Haar hart zonk terwijl ze naar de regelmatige ademhaling van Jacque bleef kijken, maar verder geen tekenen van leven kon vinden. Jen wilde rennen. Ze wilde haar menselijke huid afwerpen en haar wolf vrij laten rennen, huilend om de pijn die ze voelde voor het verlies van alles. Jen miste haar ouders en glimlachte in zichzelf, denkend dat het een gevoel was waarvan ze nooit had gedacht dat ze het ooit zou voelen. Maar toen ze op het punt stond iets te verliezen waarvan ze nooit had gedacht dat ze het zou verliezen, gaf ze toe dat ze hen niet wilde verliezen, hoe gespannen hun relatie ook altijd was geweest.
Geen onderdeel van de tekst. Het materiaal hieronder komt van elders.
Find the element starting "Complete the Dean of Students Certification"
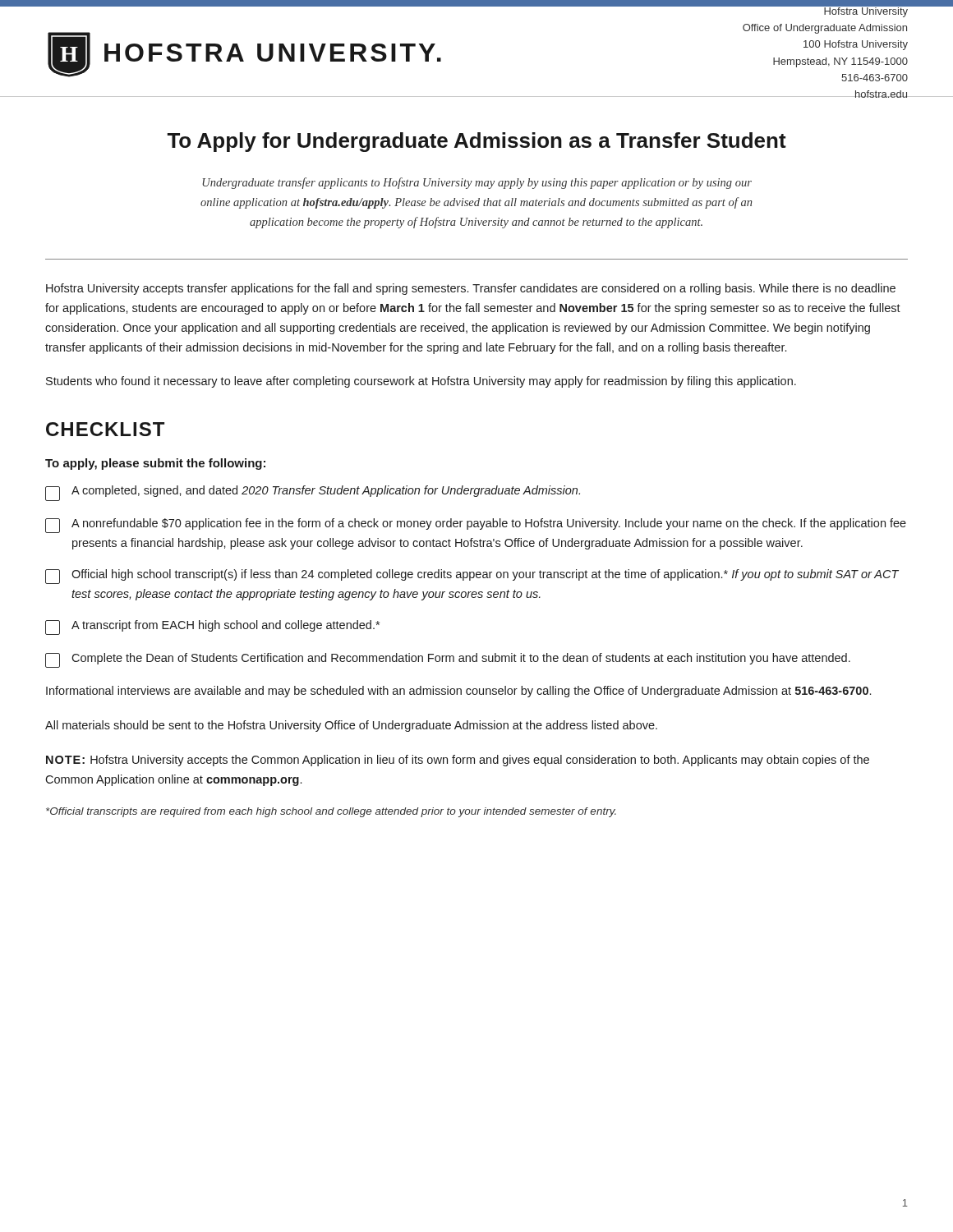The height and width of the screenshot is (1232, 953). (448, 659)
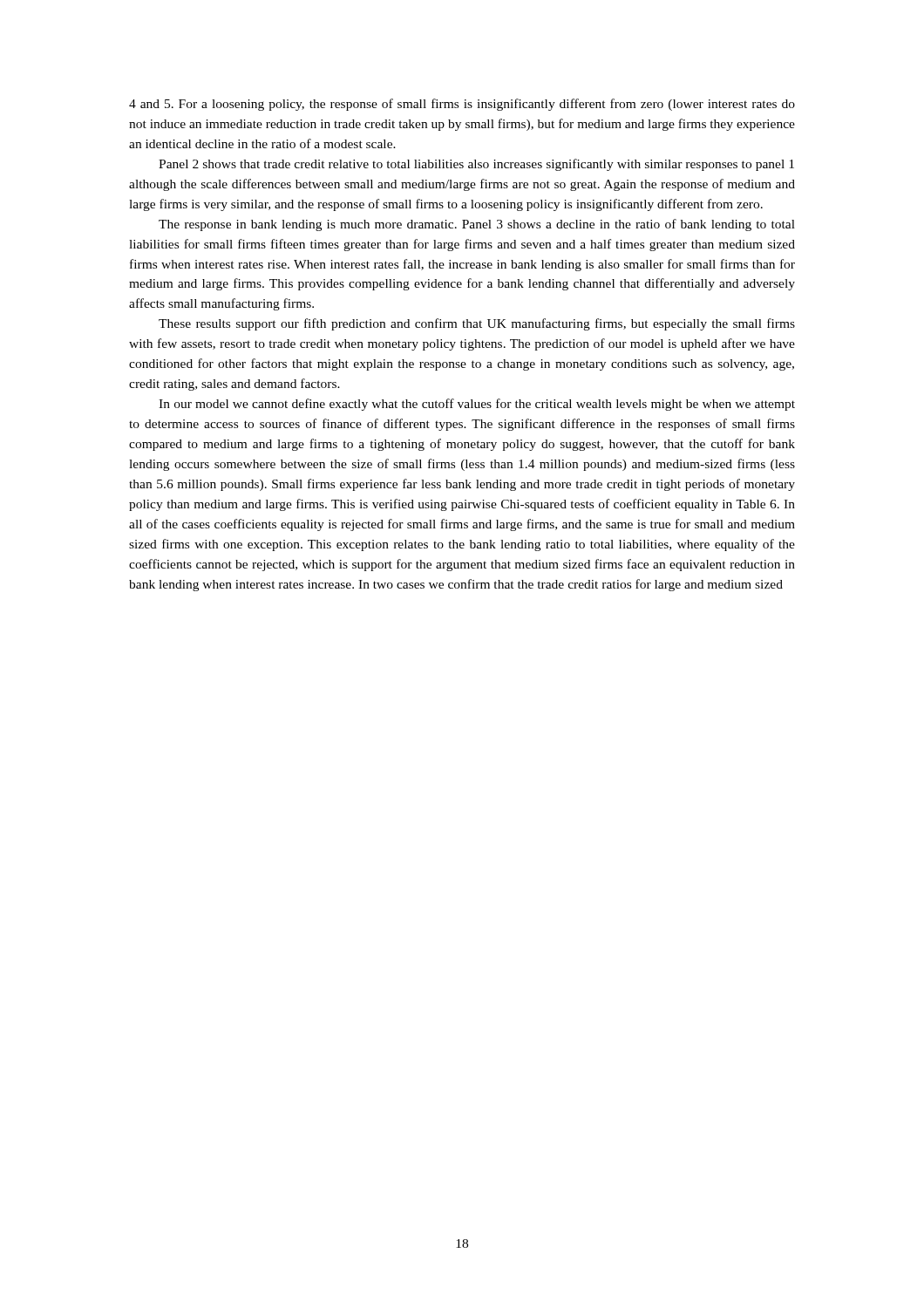
Task: Click on the region starting "Panel 2 shows that trade credit relative"
Action: (x=462, y=183)
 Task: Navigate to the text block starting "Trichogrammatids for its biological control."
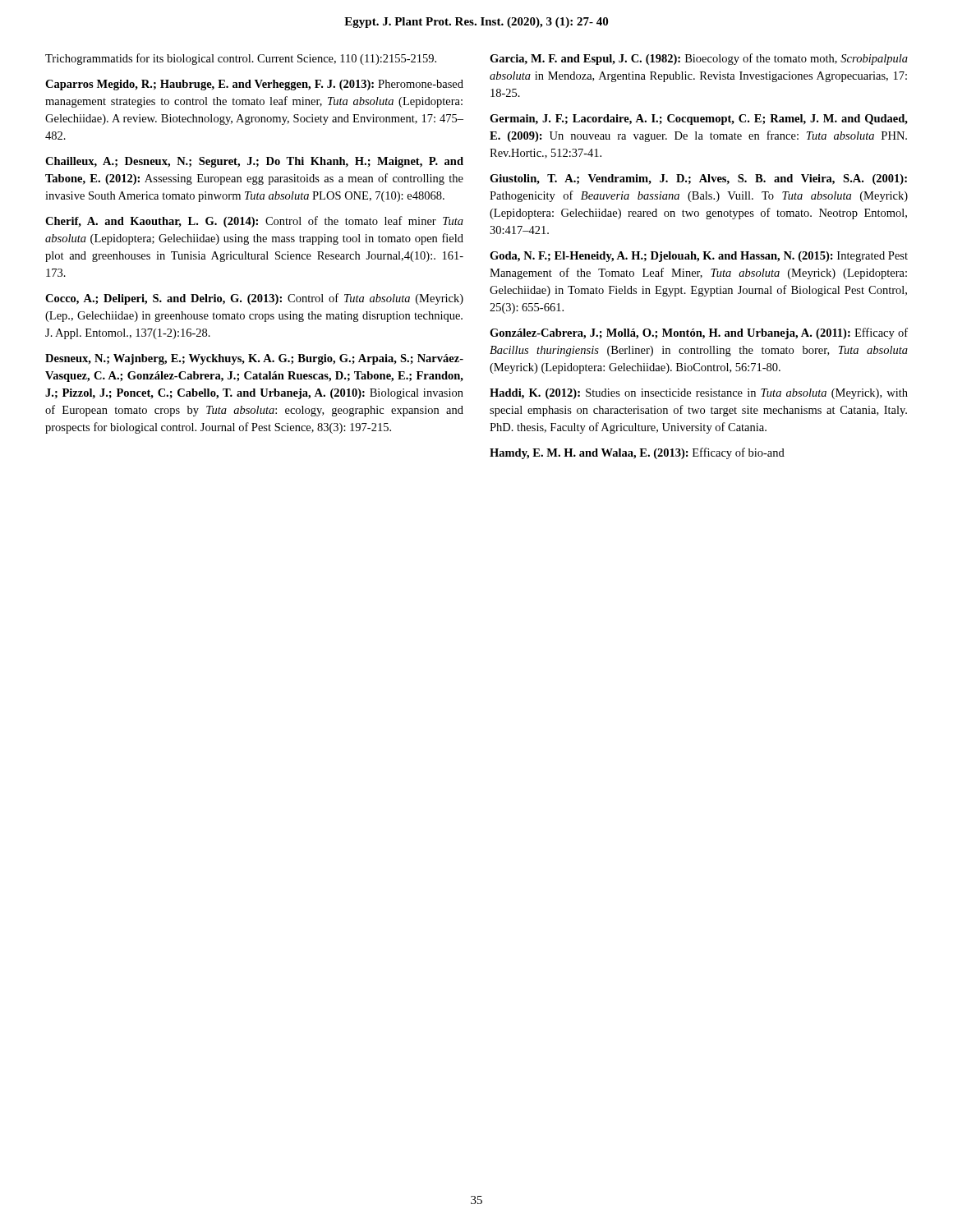click(241, 58)

Ze bleef zitten en staarde de nacht in, een eenzame wachter die haar vrienden bewaakte. Een deel van haar verlangde ernaar om te gaan slapen in de hoop weer van haar partner te horen, maar een ander deel vreesde de wanhoop in zijn meestal kalme, zekere stem te horen. Hij had haar net zo hard nodig als zij hem nodig had en hier zat ze, niet in staat om iets voor hem te doen. Jen gromde van frustratie en geleidelijk drong alle lelijkheid van haar realiteit tot haar door en nestelde zich in haar hart. Ze boog haar hoofd en sloot haar ogen, zich overgevend aan het monster van de nederlaag, al was het maar voor een tijdje, ze zou zichzelf laten zwak zijn, zichzelf laten instorten terwijl er niemand was om het te zien.